Figure 3 shows a representative example
of the responses of a WDR and a HT neuron to cold and heat stimuli. In
general, neurons encoded the intensity of cold and heat stimuli;
however, WDR neurons exhibited lower response thresholds to cold
stimuli than did HT neurons. As can be seen from Fig.
4A, cold evoked a greater
number of impulses from WDR (n = 38) than from HT
(n = 19) neurons. A two-way ANOVA with repeated
measures revealed significant differences in stimulus-response curves,
which plot the number of impulses evoked by each cold stimulus, of WDR
and HT neurons to stimulus temperatures between 28 and 12°C
(P < 0.01). For example,
4°C evoked a mean of
139.8 ± 27.7 impulses/response in WDR neurons, but only 31.3 ± 8.9 impulses/response in HT neurons. A significant difference
between WDR and HT neurons was also found in the average cumulative sum
of impulses evoked by all stimulus temperatures (Fig. 4B).

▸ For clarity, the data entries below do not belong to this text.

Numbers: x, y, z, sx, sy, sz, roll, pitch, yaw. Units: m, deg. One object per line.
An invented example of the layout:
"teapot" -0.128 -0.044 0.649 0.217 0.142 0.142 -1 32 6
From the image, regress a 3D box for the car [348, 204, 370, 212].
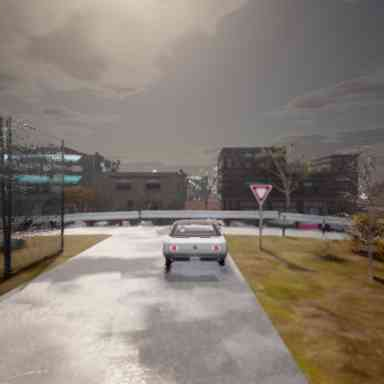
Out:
"car" 41.628 4.059 82.991 4.553 1.767 2.185 -1 1 -17

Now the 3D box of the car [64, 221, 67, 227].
"car" -17.974 4.561 45.066 2.097 1.535 5.008 0 0 -18

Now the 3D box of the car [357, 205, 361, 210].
"car" 41.214 4.114 76.988 4.553 1.767 2.185 -1 0 -17

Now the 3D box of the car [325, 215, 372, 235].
"car" 20.497 4.309 43.869 2.435 2.045 5.566 0 0 -18

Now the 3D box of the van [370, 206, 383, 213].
"van" 40.793 4.071 70.953 4.442 1.987 1.878 -1 1 -17

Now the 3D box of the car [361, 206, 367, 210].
"car" 41.084 4.267 73.989 5.008 1.535 2.097 -1 1 -17

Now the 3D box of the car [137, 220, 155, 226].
"car" -6.120 4.592 44.683 2.163 1.488 4.792 0 0 -18

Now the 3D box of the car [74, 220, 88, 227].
"car" -15.074 4.559 45.151 1.946 1.575 5.366 0 0 -18

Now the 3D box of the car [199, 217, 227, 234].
"car" 2.728 4.437 44.465 2.185 1.767 4.553 0 0 -18

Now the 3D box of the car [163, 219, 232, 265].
"car" 0.098 1.626 11.709 1.895 1.301 4.718 0 0 0

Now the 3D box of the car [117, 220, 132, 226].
"car" -9.159 4.560 44.969 1.946 1.575 5.366 0 0 -18

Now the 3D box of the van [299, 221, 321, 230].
"van" 14.527 4.336 44.184 1.878 1.987 4.442 0 0 -18

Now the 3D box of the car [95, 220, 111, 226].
"car" -12.047 4.561 44.887 2.097 1.535 5.008 0 0 -18

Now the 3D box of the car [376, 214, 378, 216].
"car" 26.380 4.308 43.734 2.435 2.045 5.566 0 0 -18

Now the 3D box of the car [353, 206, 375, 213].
"car" 41.421 4.252 79.991 4.674 1.452 2.002 -1 0 -17

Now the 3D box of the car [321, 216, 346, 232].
"car" 17.539 4.309 43.961 2.435 2.045 5.566 0 0 -18

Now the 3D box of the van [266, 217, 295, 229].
"van" 11.569 4.337 44.276 1.878 1.987 4.442 0 0 -18

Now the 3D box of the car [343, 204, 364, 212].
"car" 41.803 4.033 85.987 4.553 1.767 2.185 -1 1 -17

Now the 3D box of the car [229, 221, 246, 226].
"car" 5.701 4.564 44.345 2.231 1.521 4.892 0 0 -18

The mean number of cumulative impulses for WDR neurons was 829.6 ± 141.0 impulses, whereas HT neurons exhibited a mean cumulative total
of 320.4 ± 97.7 impulses to all cold stimuli (P < 0.004). Thus the mean cumulative response of WDR neurons evoked by
all cold stimuli was 159% greater than the cumulative response of HT
neurons.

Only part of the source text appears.